Cabe aos governantes criarem canais para ouvir as demandas da população, para divulgar as informações públicas e para cumprir à Lei de Acesso à Informação – pensando na legislação brasileira especificamente. Porém, quando isso não parte de iniciativas governamentais, a internet oferece os meios para que os cidadãos, movimentos sociais e organizações não governamentais se organizem para cobrar tais medidas, ou ainda, para exporem suas necessidades.

Essa ação vai envolver custos e a prerrogativa do acesso, mas toda forma de participação política exige pelo menos tempo livre, o que ocorreu com a internet é que os custos foram se especializando e envolvem também conhecimento técnico. Enquanto não nos organizarmos para cobrar ações de democracia digital – ou melhoria das já existentes – as potencialidades democráticas da internet permanecerão inertes; e para Zanetti e Luvizotto (2015) usar em totalidade as potencialidades democráticas da internet é fundamental para uma prática cidadã mais ampla.
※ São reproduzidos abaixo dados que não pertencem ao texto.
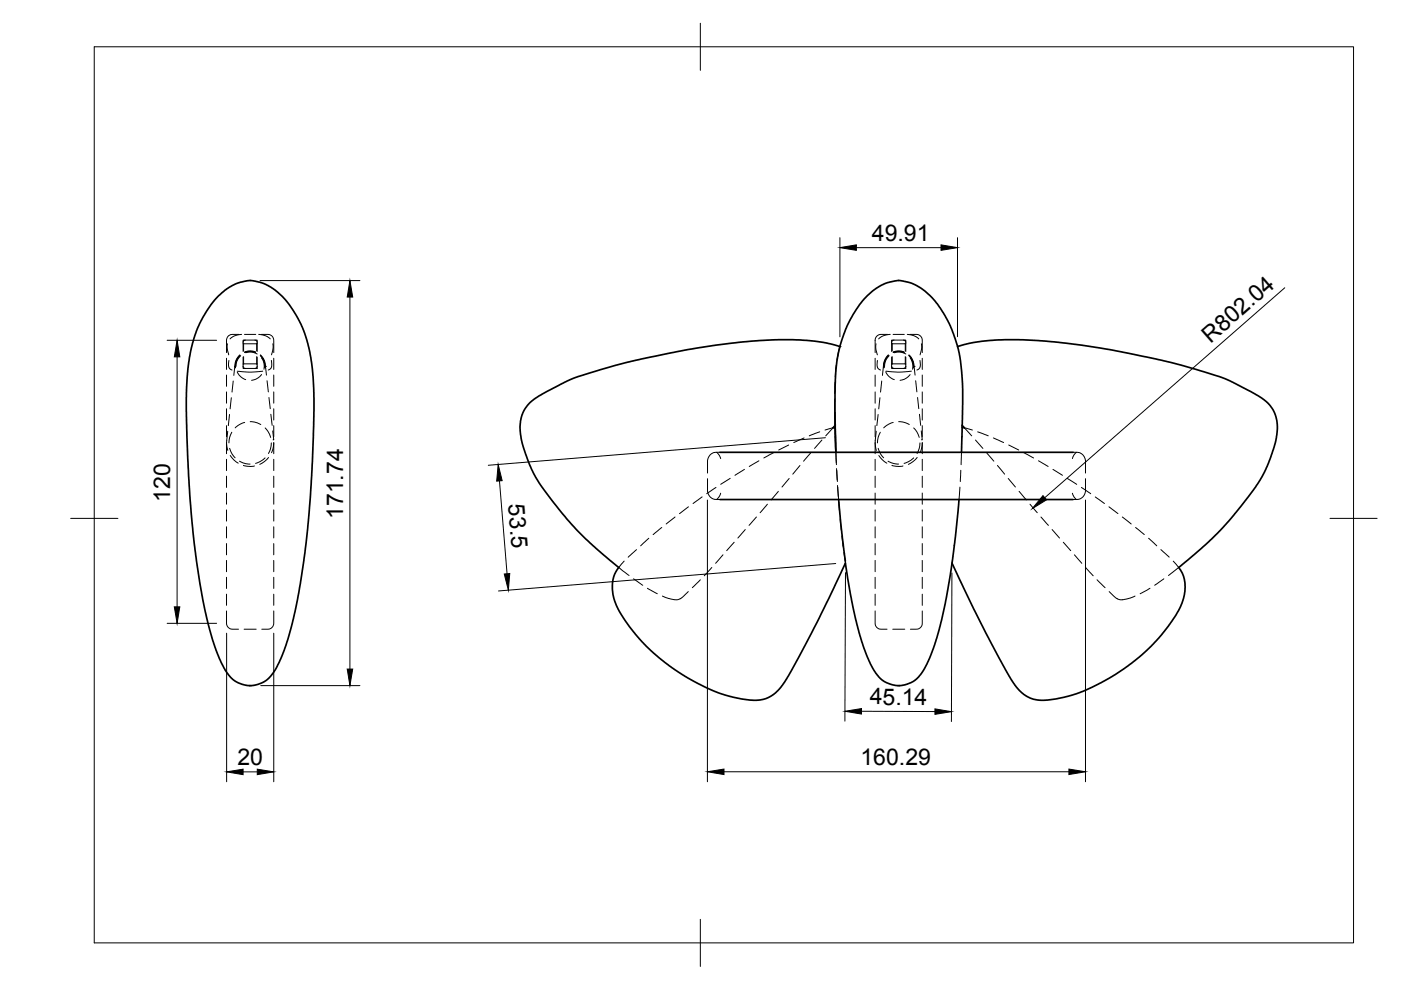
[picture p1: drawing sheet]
<svg xmlns="http://www.w3.org/2000/svg" width="297mm" height="210mm" viewBox="0 0 297 210" stroke-linecap="round" stroke-linejoin="round" font-family="sans-serif">
<defs><g id="words">
<g font-size="4.9">
<text x="184.8" y="51">49.91</text>
<text x="256.6" y="72.9" transform="rotate(-41 256.6 72.9)">R802.04</text>
<text x="36.1" y="106.4" transform="rotate(-90 36.1 106.4)">120</text>
<text x="107.8" y="106.9" transform="rotate(85 107.8 106.9)">53.5</text>
<text x="72.8" y="110" transform="rotate(-90 72.8 110)">171.74</text>
<text x="184.4" y="149.4">45.14</text>
<text x="50.4" y="162.2">20</text>
<text x="182.4" y="162.2">160.29</text>
</g>
</g></defs>
<!-- layer: Visible -->
<path d="M46.1 62.9l1.5-1.3 1.6-1 1.4-.6 1.9-.5h1.1l1.9 .5 1.4 .6 1.5 1 1.5 1.3 1.4 1.7 2.6 4.2 .7 1.9 .9 3 .8 4.7 .2 4.2 .1 4.6-.4 10.8-.4 6.9-1.2 12.3-1.5 9.9-1.1 5-1 3.7-1.2 3.2-1 2.3-1.1 1.7-1.2 1.2-1.1 .6-1.8 .5h-1.2l-1.2-.3-1.2-.5-.9-.7-1.6-2.2-1.7-3.7-1.7-5.8-1.1-5-1.3-8.2-1-8.1-.7-10-.4-8.4-.1-8 .3-6 .8-4.7 1.3-4.1 1.9-3.6zM178.1 73.5l1.7-4.8 1.2-2.2 1.9-2.8 2-1.9 1.8-1.2 1.5-.7 2.2-.4 2.1 .3 1.5 .6 1.9 1.2 1.7 1.5 1.7 2.2 1.9 3.2 1.8 5M203 73.5l3.5-.9 3.6-.4 5.9-.2 4.2 .2 5.8 .6 7.5 1 14.5 3 11 3.2 2.3 1 5.5 2.9 1.9 1.5 1.2 1.4 .7 1.7 .2 1.8-.3 3.2-1.1 3.4-1.2 3.1-2 3.2-4.6 6.1-2.9 3.2-3 2.9-5.8 4.9 .8 1.2 .4 1.2 .2 1.7-.2 1.7-.5 1.7-.7 1.6-3 4.4-2.8 3.2-2.1 1.9-2.9 2.3-2.7 1.9-3 1.7-3.5 1.7-4.2 1.3-3.2 .6-1.9 .1-1.5-.3-1.5-.6-1.4-1.2-1.1-1.2-3.3-5.8-5.4-10.4-4.6-9.6 .8-5.6 .7-7.9M203 73.5l.6 2.8 .5 5-.1 8.9M152.6 95.9h74.9M177 87.5l.2 8.4-.1-5.3-.5 .1 .4-.5 .1-8.2 .1-3.6 .9-4.9-2.7-.7-2.6-.5-3.5-.2-5.1-.1-9.1 .8-9.9 1.4-12.1 2.6-10.6 3.1-3.7 1.6-5.6 3.1-1 1-1 1.2-.5 1.1-.4 1.5v2.4l.5 2.4 1.3 3.9 1.5 3.1 1.3 2 2.5 3.4 4.7 5.5 3.7 3.6 5.4 4.6-.9 1.5-.4 1.8 .1 2.5 .7 2.2 .8 1.7 1.9 2.8 2.8 3.3 2.4 2.4 3.3 2.7 2.3 1.5 5.3 3 4.1 1.6 3.7 .9 1.7 .2 1.5 .1 1.4-.2 1.3-.5 1.1-.8 2-2.4 2.4-4.1a340.2 340.2 0 0 0 10.5-21.1l1.1 6.8 1.1 5.2 1.3 4.5 1.2 3.5 1.3 2.6 1.4 1.8 1.3 .9 2.3 .7 1.7-.2 1.3-.5 .8-.5 1.6-1.7 1.2-2.3 1.4-3.6 1.4-4.9 1-4.9 1.2-7.4M204 90.6l-.1 5.3M204 90.6l.4 .1M204 90.2v.4M204 90.2l.5 .5M152.6 105.9h74.9M177.8 105.9l.6 6.2 .8 6.9" fill="none" stroke="#000" stroke-width=".36"/>
<!-- layer: Hidden -->
<g fill="none" stroke="#000" stroke-width=".21">
<path d="M48 76v2.3M48 79.5v2.4M48.2 72.9v.8l.3 1.5M48.5 76.4v1.4l.2 .4 .5 .3M49.8 77.7h.1M49.8 77.7l.1 .3M49.9 77.7v.3M49.9 77.7l.1-.5a3 3 0 0 1 .9-1.8 2.93 2.93 0 0 0-1 2.6M49.9 77.7h-.1l-.2 1.9M50.3 78.8l.7 1.1 1.1 .6M50.4 78.7l2.3 .2 3-.2M50.7 70.9h-1.4a1.22 1.22 0 0 0-1.3 1.3v2.6"/>
<path d="M50.9 75.2l-.2 .1a3.2 3.2 0 0 0-.9 2.4M51 75.4a2.98 2.98 0 0 0-1 2.3M51.2 70.9l-1.5 .3-.9 .7M51.5 72.8h3M51.5 77.2h3M51.5 77.6l.1 .3 .4 .2M51.5 75.7v2.4h3v-2.4M51.5 74.5v-2.4h3v2.4M51.6 72.9v1.5M51.6 75.6v1.6M51.7 72.8v.1M51.7 77.1v.1"/>
<path d="M51.8 70.9h2.4M51.9 74.6h.1a3 3 0 0 1 2.2 0M52 72.1l-.4 .2-.1 .3M52.1 74.8l.2-.1a2.89 2.89 0 0 1 2.2 .3M54 72.1l.4 .2 .1 .3M54.2 74.7a2.82 2.82 0 0 0-2.3 .1l1.1-.3 1.2 .3M54.4 77.1v.1M54.4 72.8v.1M54.4 72.9v1.5M54.4 75.6v1.6M54.5 77.6l-.1 .3-.4 .2M54.8 70.9l1.6 .3 .9 .7"/>
<path d="M55.2 75.4a3 3 0 0 1 1 2.6 3.3 3.3 0 0 0-1-2.6zM55.2 75.2a2.26 2.26 0 0 1 1 2.5M55.4 70.9h1.4a1.22 1.22 0 0 1 1.2 1.3v2.6M55.5 75.9a3 3 0 0 1 .5 2.4M55.5 79.4l-.8 .8-1.4 .4M56.3 77.7h.1M56.3 77.7l-.1 .3M56.3 77.7l.2 1.8M57.5 76.4l.1 1.4-.3 .4-.4 .3M57.8 72.9l.1 .8-.3 1.5M58 76v2.3M58 79.5v2.4"/>
<path d="M177.3 77.5l-.2 2.4M178.1 73.5l-.6 2.8M178.1 73.5h.1M185.5 76v2.3M185.5 79.5v2.4M185.7 72.9v.9l.3 1.4M186 76.4v1.5l.7 .6M187.3 77.7h.1M187.3 77.7l.1 .3M187.4 77.7v.3M187.4 77.7l.1-.5a3 3 0 0 1 .9-1.8l-.8 1.1-.2 1.5M187.4 77.7l-.3 1.9"/>
<path d="M187.8 78.8l.7 1.1 1.1 .6M187.9 78.7l2.3 .2 3-.2M188.2 70.9h-1.4a1.23 1.23 0 0 0-1.3 1.3v2.6M188.4 75.2l-.8 1-.3 1.5M188.5 75.4a2.98 2.98 0 0 0-1 2.3M188.7 70.9l-1.5 .3-.9 .7M189 75.7v2.4h3v-2.4M189 74.5v-2.4h3v2.4M189 72.8h3M189 77.2h3M189 77.6l.2 .3 .3 .2M189.2 72.8v1.6"/>
<path d="M189.2 75.6v1.5M189.4 70.9h2.3M189.4 74.8a2.68 2.68 0 0 1 2.3 0l-1.2-.3zM189.4 74.6h.1a3.1 3.1 0 0 1 2.2 0M189.5 72.1l-.3 .2-.2 .3M189.6 74.8l.2-.1a2.93 2.93 0 0 1 2.2 .3M191.5 72.1l.4 .2 .1 .3M191.9 72.8v1.6M191.9 75.6v1.5M192 77.6l-.1 .3-.4 .2M192.4 70.9l1.5 .3 .9 .7M192.7 75.4l.3 .2a3 3 0 0 1 .7 2.4 3.2 3.2 0 0 0-1-2.6z"/>
<path d="M192.7 75.2a2.24 2.24 0 0 1 1 2.5M192.9 70.9h1.4a1.23 1.23 0 0 1 1.2 1.3v2.6M193 79.4l-.4 .5a2.87 2.87 0 0 1-1.8 .7M193 75.9l.2 .3a2.93 2.93 0 0 1 .3 2.1M193.8 77.7h.1M193.8 77.7l-.1 .3M193.8 77.7l.2 1.8M195.1 76.4v1.4l-.3 .4-.4 .3M195.3 72.9l.1 1-.3 1.3M195.5 76v2.3M195.5 79.5v2.4M48 83.1v2.4"/>
<path d="M48 86.7v2.4M48 90.2v2.4M48 93.8v2.4M48 97.4v2.4M48.3 91.4a7.4 7.4 0 0 0 0 4.1M48.7 87.9l-.3 2.3M48.7 95.1l.5 1.1 .6 .9M48.8 96.6l.8 .9 .9 .7M49 84.3l-.2 2.4M49.1 91.6l-.4 1.1-.2 1.2M49.4 80.8l-.2 2.3M50.8 97.8l1.3 .5 .9 .1"/>
<path d="M51.6 98.7l1.5 .2 .9-.1M51.9 89.6l-.9 .3-1.1 .8M53 89.4l1 .1 1.3 .5M56.2 97.1l-1.1 .8-.9 .3M56.2 90.7l.7 .9 .5 1.1M56.6 80.7l.3 2.4M56.9 97l-.8 .8-1 .7M57 84.3l.3 2.3M57.4 87.8l.3 2.4M57.5 93.9l-.1 1.2-.5 1.1M57.8 91.4l.2 1.9h-.1M58 93.9l-.1 1.3-.3 .8"/>
<path d="M58 83.1v2.4M58 86.7v2.4M58 90.2v2.4M58 93.8v2.4M58 97.4v2.4M151.9 95.9l.6 .6 .3 .7M152.6 95.9l-1.4 .1-.9 .9-.3 .7v2.7M157.8 99.5l-2 1.3M160.9 97.7l-2 1.2M164 96l-2.1 1.1M167.2 94.4l-2.1 1M169.6 98.7l-1.5 1.8"/>
<path d="M170.5 92.9l-2.2 .9M171.9 96l-1.5 1.8M173.8 91.6l-2.2 .8M174.3 93.3l-1.6 1.8M174.9 91.2l1.7-.5-1.5 1.7M177 84.6v2.9M177 81v2.4M177.3 98.2l-.1-2.3 .2 2.6M177.4 99.3l.1 2.4M177.4 99.7l.1 2.4M185.5 83.1v2.4M185.5 86.7v2.4"/>
<path d="M185.5 90.2v2.4M185.5 93.8v2.4M185.5 97.4v2.4M185.8 91.4a7.6 7.6 0 0 0 0 4.1M186.2 87.9l-.3 2.3M186.2 95.1l.5 1.1 .6 .9M186.3 96.6l.8 .9 .9 .7M186.6 84.3l-.3 2.4M186.6 91.6l-.4 1.1-.2 1.2M186.9 80.8l-.2 2.3M188.3 97.8l1.3 .5 .9 .1M189.1 98.7l1.5 .2 .9-.1"/>
<path d="M189.4 89.6l-.9 .3-1.1 .8M190.5 89.4l1 .1 1.3 .5M193.7 90.7l.7 .9 .5 1.1M193.7 97.1l-1.1 .8-.9 .3M194.1 80.7l.3 2.4M194.5 97l-.9 .8-1 .7M194.5 84.3l.3 2.3M194.9 87.8l.3 2.4M195.1 93.9l-.2 1.2-.5 1.1M195.3 91.4l.2 1.9h-.1M195.5 93.9l-.1 1.3-.3 .8M195.5 83.1v2.4"/>
<path d="M195.5 86.7v2.4M195.5 90.2v2.4M195.5 93.8v2.4M195.5 97.4v2.4M203.7 99.7l-.1 2.4M203.9 95.9l-.1 2.6M204.4 90.7l1.8 .5M204.5 90.7l1.5 1.7M206.8 93.3l1.6 1.8M207.3 91.6l2.2 .8M209.2 96l1.5 1.8M210.6 92.9l2.2 .9"/>
<path d="M211.5 98.7l1.5 1.8M213.9 94.4l2.1 1M217 96l2.1 1.1M220.2 97.7l2 1.2M223.2 99.5l2.1 1.3M227.4 97.2l.2-.7 .6-.6 .8 .1 .6 .5 .5 1.1v2.7M227.5 95.9h.7M48 101v2.3M48 104.5v2.4M48 108.1v2.4M48 111.7v2.4M48 115.2v2.4"/>
<path d="M48 118.8v2.4M58 101v2.3M58 104.5v2.4M58 108.1v2.4M58 111.7v2.4M58 115.2v2.4M58 118.8v2.4M132.3 119l-1.1 1.3 2.2 1.7M135 116.5l-1.8 1.6M137.6 114.1l-1.8 1.6M140.3 111.8l-1.8 1.5M143.1 109.6l-1.9 1.5"/>
<path d="M146 107.5l-1.9 1.4M148.9 105.4l-2 1.4M150 101.5v2.7l.2 .6 .8 .9 .9 .2M151.8 103.3l-2 1.4M151.9 105.9h.7M152.8 104.6l-.4 .8-.5 .5M153.3 117.6l-1.6 1.8M154.8 101.4l-2 1.3M155.7 115l-1.6 1.7M158 112.3l-1.6 1.8M160.4 109.6l-1.6 1.8M162.7 106.9l-1.5 1.8"/>
<path d="M165 104.2l-1.5 1.8M167.3 101.4l-1.5 1.9M177.6 102.9l.1 2.4M177.6 103.3l.2 2.6M177.8 106.5l.2 2.4M178.1 110l.3 2.4M178.5 113.6l.3 2.4M178.9 117.2l.3 2.2v-.4M185.5 101v2.3M185.5 104.5v2.4M185.5 108.1v2.4M185.5 111.7v2.4"/>
<path d="M185.5 115.2v2.4M185.5 118.8v2.4M195.5 101v2.3M195.5 104.5v2.4M195.5 108.1v2.4M195.5 111.7v2.4M195.5 115.2v2.4M195.5 118.8v2.4M203.5 103.3l-.2 2.6M213.8 101.4l1.5 1.9M216.1 104.2l1.5 1.8M218.4 106.9l1.5 1.8"/>
<path d="M220.7 109.6l1.6 1.8M223.1 112.3l1.5 1.8M225.4 115l1.6 1.7M226.3 101.4l2 1.3M227.4 104.6l.3 .8 .5 .5M227.5 105.9h.7M227.8 117.6l1.6 1.8M229.3 103.3l1.9 1.4M230.1 101.5v2.7l-.1 .6-.4 .5-.4 .4-1 .2M232.2 105.4l2 1.4M235.1 107.5l1.9 1.4M238 109.6l1.8 1.5"/>
<path d="M240.8 111.8l1.8 1.5M243.5 114.1l1.8 1.6M246.1 116.5l1.8 1.6M248.8 119l1.1 1.3-2.2 1.7M48 129.5v2.7a1.26 1.26 0 0 0 1.3 1.2h1.3M48 122.4v2.4M48 126v2.3M51.8 133.4h2.5M58 129.5v2.7a1.26 1.26 0 0 1-1.2 1.2h-1.3M58 122.4v2.4M58 126v2.3M134.3 122.7l2 1.4"/>
<path d="M137.3 124.7l2.1 1.2M145.9 125.4l-1.3 1.3-.9 .4-1.4-.1-1.9-.6M148.5 122.9l-1.7 1.7M150.9 120.3l-1.6 1.8M185.5 129.5v2.7a1.23 1.23 0 0 0 1.3 1.2h1.3M185.5 122.4v2.4M185.5 126v2.3M189.3 133.4h2.5M195.5 129.5v2.7a1.23 1.23 0 0 1-1.2 1.2h-1.3M195.5 122.4v2.4M195.5 126v2.3M230.2 120.3l1.6 1.8"/>
<path d="M232.6 122.9l1.7 1.7M235.2 125.4l1.4 1.4 .8 .3 1.6-.1 1.6-.6M243.8 124.7l-2.1 1.2M246.8 122.7l-2 1.4M52.9 145.4h.3M190.4 145.4h.3"/>
</g>
<!-- layer: BORDER -->
<path d="M20 9.9h267v190h-267zM148.5 4.9v10M15 109.9h10M282 109.9h10M148.5 194.9v10" fill="none" stroke="#000" stroke-width=".21"/>
<!-- layer: FD_Dimensions -->
<g fill="none" stroke="#000" stroke-width=".21">
<path d="M55.1 59.5h21.2M178.1 50.4v21M181.6 52.5h17.9M203 50.4v21M35.4 72.2h10.5M37.5 75.7v53M74.2 63v78.9M272.4 61l-50.9 44.5M175 92.8l-71.5 5.9M105.9 102l1.6 19.6M150 106v59.7M177.2 119.5l-71.5 5.8"/>
<path d="M230.1 106v59.7M35.4 132.2h10.5M48 134.3v31.4M58 134.3v31.4M179.3 121.4l-.2 31.5M201.8 121.5l-.1 31.5M55.3 145.4h21M182.6 150.8l15.6 .1M51.5 163.7h3M153.5 163.6h73.1"/>
</g>
<g fill="#000" stroke="#000" stroke-width=".21">
<path d="M178.1 52.5l3.5-.6v1.2zM199.5 51.9l3.5 .6-3.5 .6zM37.5 72.2l.6 3.5h-1.1zM74.2 59.5l.6 3.5h-1.2zM105.6 98.5l.9 3.4-1.2 .1zM221.1 105.1l.8 .9-3 1.8zM37 128.7h1.1l-.6 3.5zM106.9 121.7l1.2-.1-.3 3.5zM73.6 141.9h1.2l-.6 3.5zM179.2 150.8l3.4-.6v1.2zM198.2 150.3l3.5 .6-3.5 .6zM48 163.7l3.5-.6v1.1z"/>
<path d="M54.5 163.1l3.5 .6-3.5 .5zM150 163.6l3.5-.5v1.1zM226.6 163.1l3.5 .5-3.5 .6z"/>
</g>
<use href="#words"/>
</svg>

Uma iniciativa da sociedade civil é o objeto empírico deste trabalho, o website Vote na Web. O Vote na web13

foi criado em novembro de 2009 pela Webcitizen, empresa que tem como foco a criação de canais de participação cidadã.

O site possibilita que o cidadão vote, simbolicamente, se concorda ou não com as propostas dos parlamentares. Uma de suas principais características são os resumos apresentados, formulados por analistas – a partir do texto do projeto de lei original – que buscam traduzir os termos utilizados para uma linguagem mais próxima a do público.

O Vote na Web requer que o cidadão participe, vote e opine.

É importante procurarmos encontrar possíveis formas com que a Internet possa colaborar para a própria construção das esferas públicas, entendidas como um espaço de disputa, negociação, definição e redefinição de significados entre atores sociais e como estes mesmos mecanismos definem as relações entre os diferentes atores, dado que estas tecnologias modificaram e continuam a modificar as maneiras com que as pessoas interagem. A Internet aumenta o escopo das possíveis práticas que podem ou não favorecer a legitimidade do sistema democrático (MENDONÇA e PEREIRA, 2011, p. 5).

A participação no Vote na Web ocorrem de duas maneiras, pela votação e pela discussão através do diálogo. Esses processos ocorrem no ciberespaço e estrutura-se como uma rede social digital.